Friday, October 29, 2010

What if, Day 5


Currently Listening to: Beautiful Things by Gungor

"When we allow ourselves to be disarmed, we become both vulnerable and strong. The only weapons then at our disposal are those of the Spirit. We choose the way of Jesus, laying aside all the earthly resources that give us power--in order to be present to those we love." Friendship at the Margins

I don't remember who said it but it hits me every time I think about it. They were talking about how we interact with other people and they said that when we give up our power and choose to serve another, we open ourselves up to hurt, injury and the opportunity to be taken advantage of.

I didn't and still don't really like that idea.

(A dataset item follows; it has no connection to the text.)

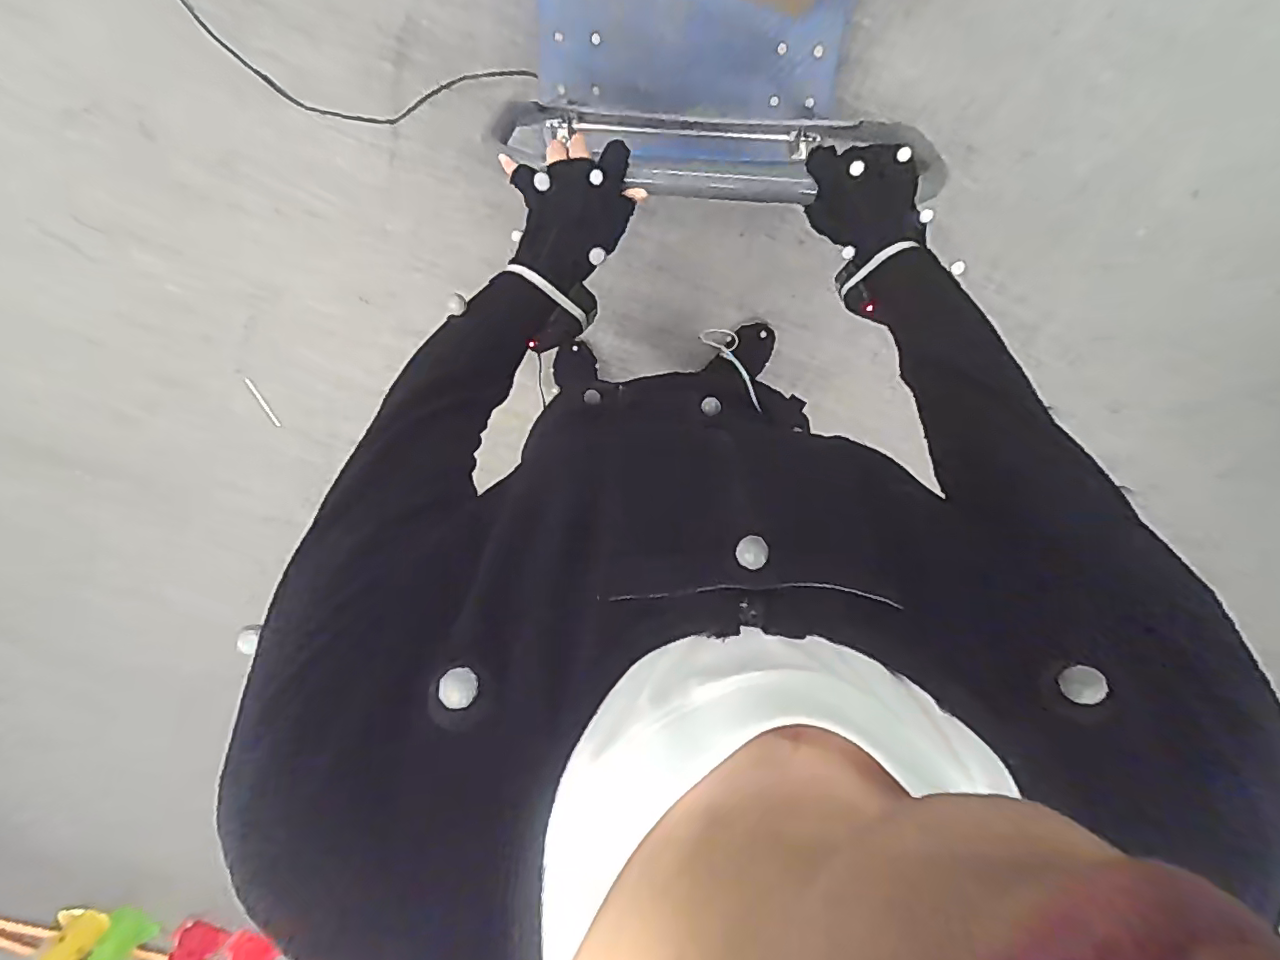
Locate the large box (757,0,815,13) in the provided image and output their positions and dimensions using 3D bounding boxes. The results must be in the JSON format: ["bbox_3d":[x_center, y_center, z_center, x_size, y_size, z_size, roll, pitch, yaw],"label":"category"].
[{"bbox_3d":[0.141,-0.948,0.769,0.408,0.320,0.320,16,120,-7],"label":"large box"}]

I mean, I like what it's saying but getting offended or taken advantage of is not exactly my idea of a good time.

I guess because of this I've chosen more often to do nice things in a way that keep me safer. I'll be happy to serve but only if it has some level of comfort in it. That in itself is why short term service is way more popular than long-term stuff. It's probably another reason why this generation loves missional work that is cause driven rather than people oriented. I'd rather write a check and be done with it than spend hours working with a kiddo in my area that has some of the same needs. I'm not necessarily saying that stuff is bad but I'm guilty of knowing deep down its easier to write a check then give up my time.

When I really think about it though, it means I have to turn my back on Jesus. Or at the very least I have to take a second and tear Philippians 2 out of my Bible. And I'm not comfortable doing that.

So what do I do? What do I do to start modeling and teaching my kids a healthier way. What conversations could I have had with my parents if they'd have let me walk in the homeless shelter when we gave donations instead of leaving me in the car because it was too dangerous? What if I had the opportunity as a kid to realize that baking a few pumpkin pies at Thanksgiving for the Rescue Mission was at its best not much.

So here's to getting hurt. Here's to getting taken advantage of. Here's to being misunderstood by those that call themselves religious and here's to pursuing something that doesn't make sense. It worked out alright for Jesus and I have this nagging sense he's asking me to consider the same.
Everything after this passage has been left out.